Task:
Omit the pictures and reproduce the rest of the listing exactly.

Data section:
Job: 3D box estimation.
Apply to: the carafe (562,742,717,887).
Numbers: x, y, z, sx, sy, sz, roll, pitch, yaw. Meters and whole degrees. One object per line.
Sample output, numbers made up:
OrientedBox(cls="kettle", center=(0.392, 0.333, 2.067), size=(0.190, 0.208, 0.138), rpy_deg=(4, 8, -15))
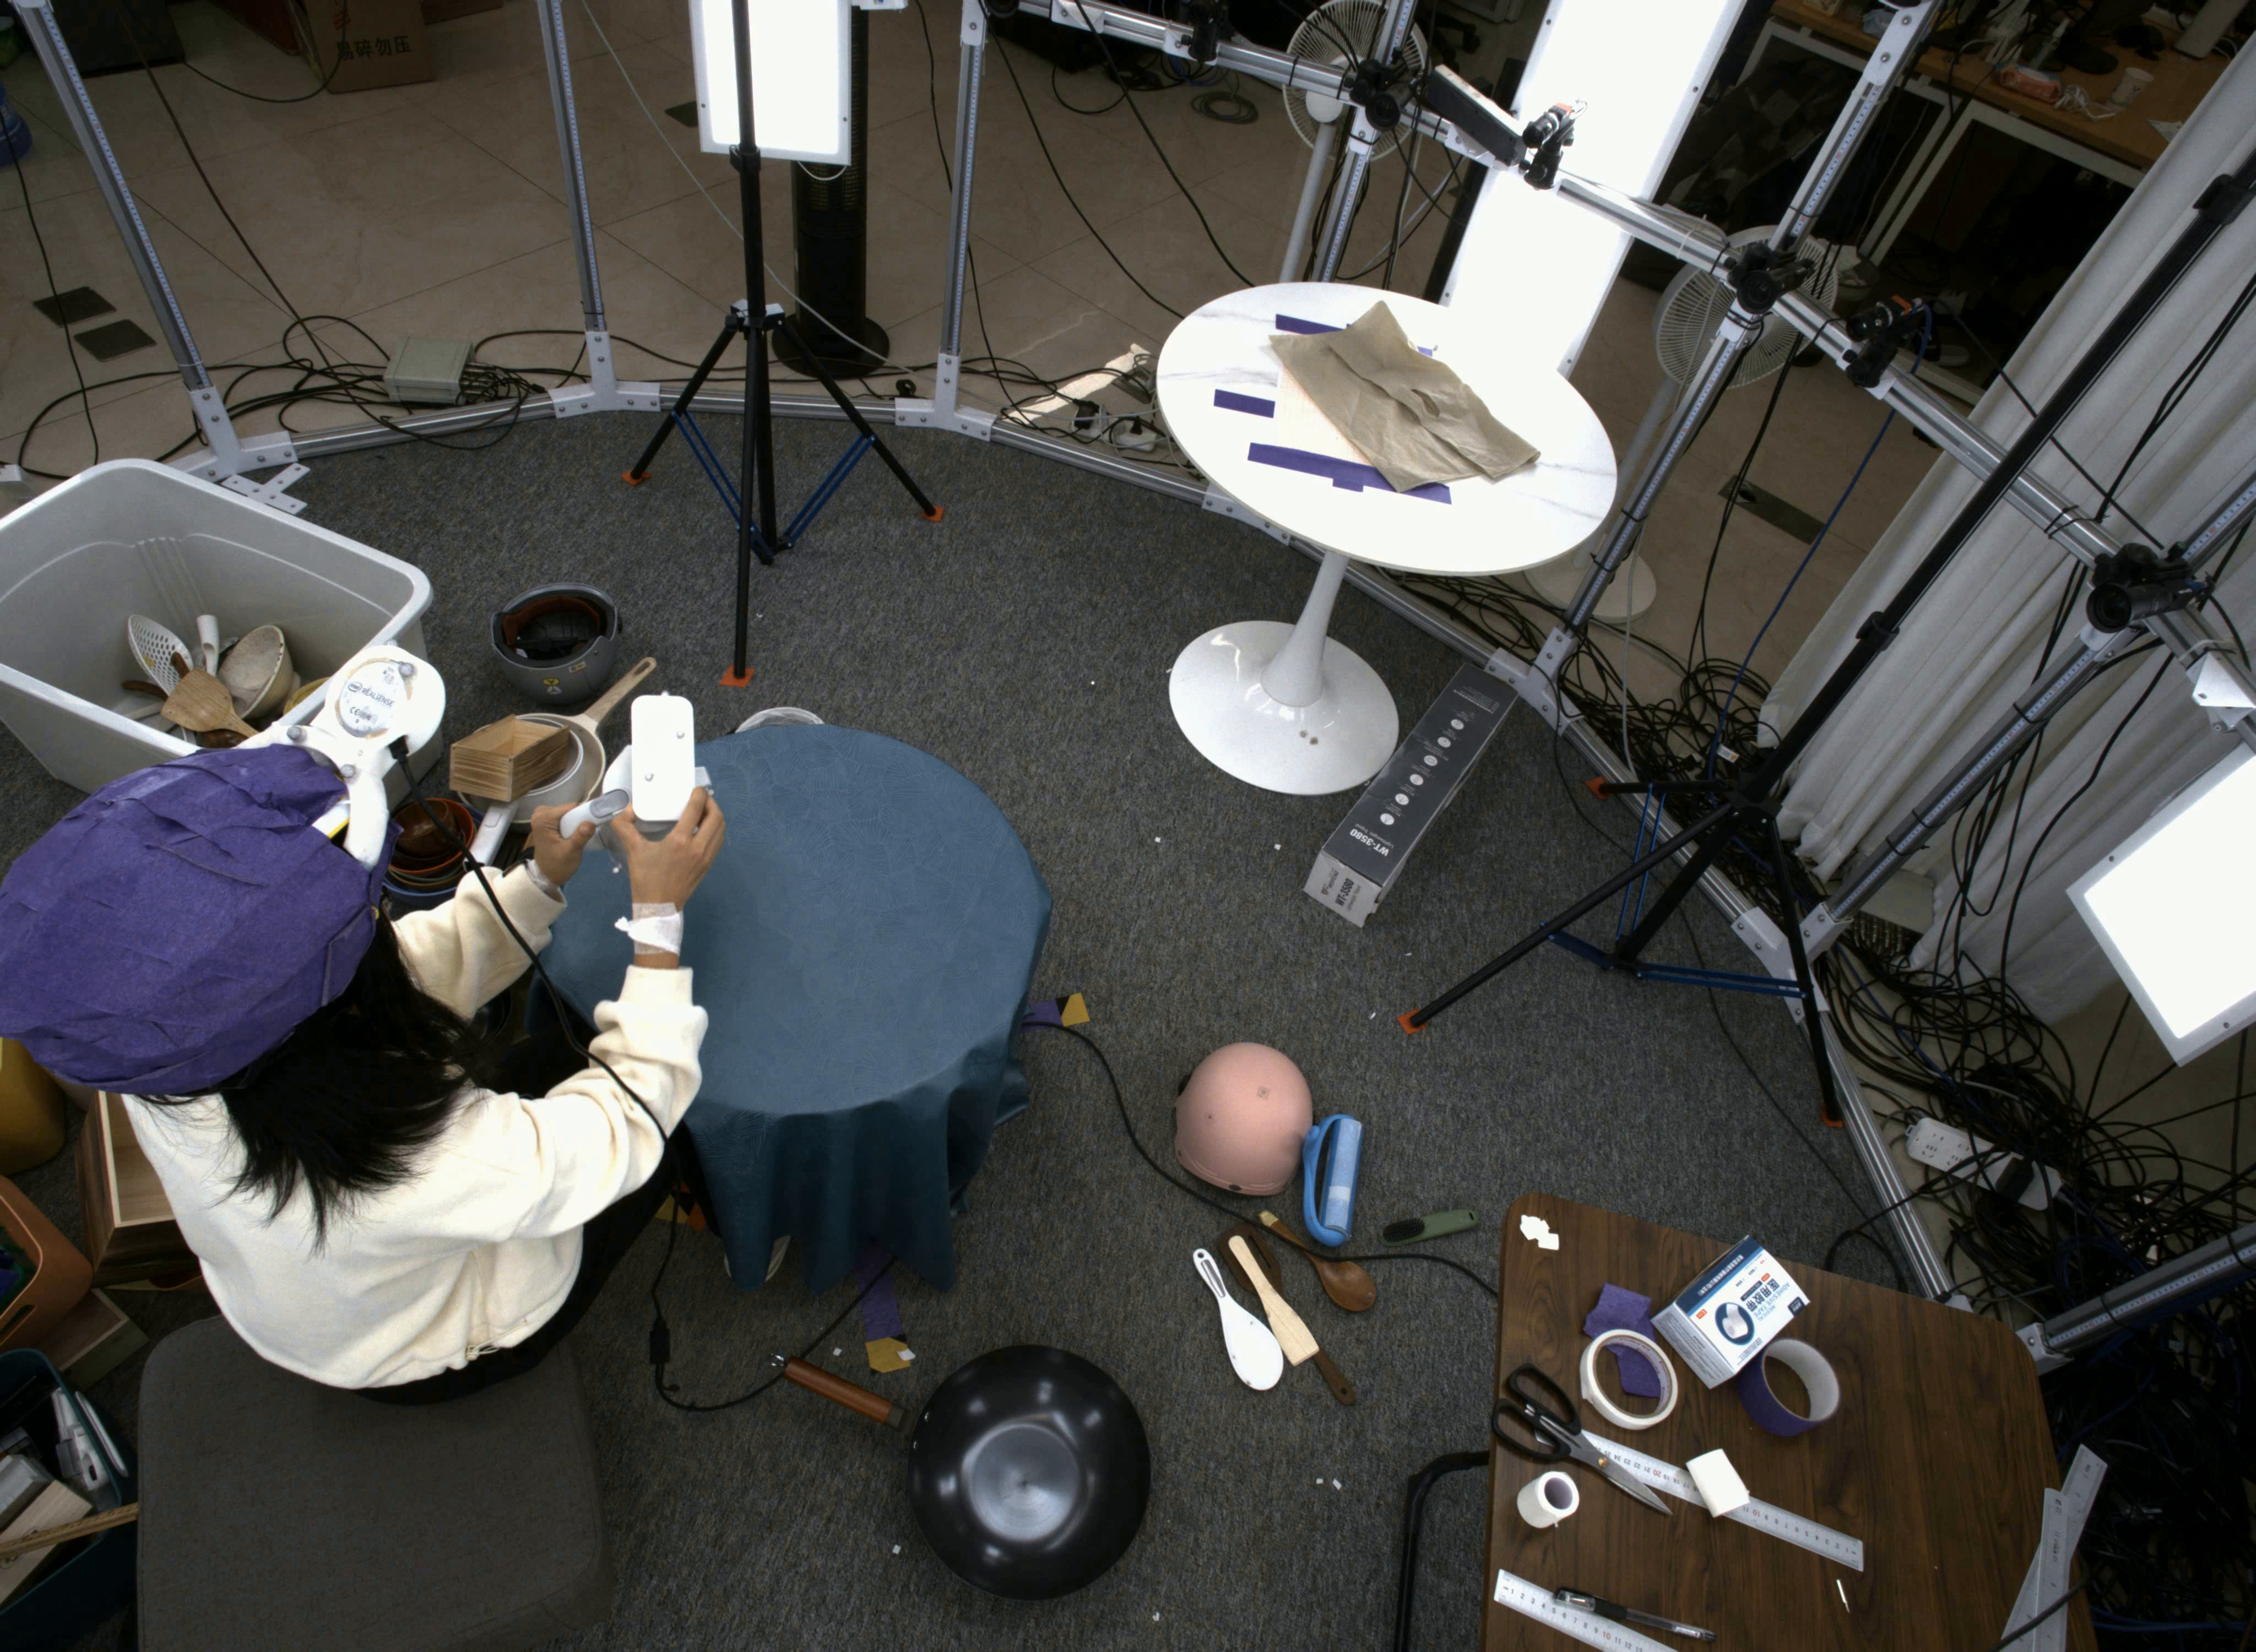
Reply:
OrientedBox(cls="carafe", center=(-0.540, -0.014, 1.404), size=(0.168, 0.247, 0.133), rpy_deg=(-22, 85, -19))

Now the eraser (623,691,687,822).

Finished exercise:
Job: 3D box estimation.
Apply to: the carafe (562,742,717,887).
Numbers: x, y, z, sx, sy, sz, roll, pitch, yaw. Meters and whole degrees. One object per line.
Sample output, numbers made up:
OrientedBox(cls="kettle", center=(0.392, 0.333, 2.067), size=(0.190, 0.208, 0.138), rpy_deg=(4, 8, -15))
Reply:
OrientedBox(cls="carafe", center=(-0.540, -0.014, 1.404), size=(0.168, 0.247, 0.133), rpy_deg=(-22, 85, -19))

Now the eraser (623,691,687,822).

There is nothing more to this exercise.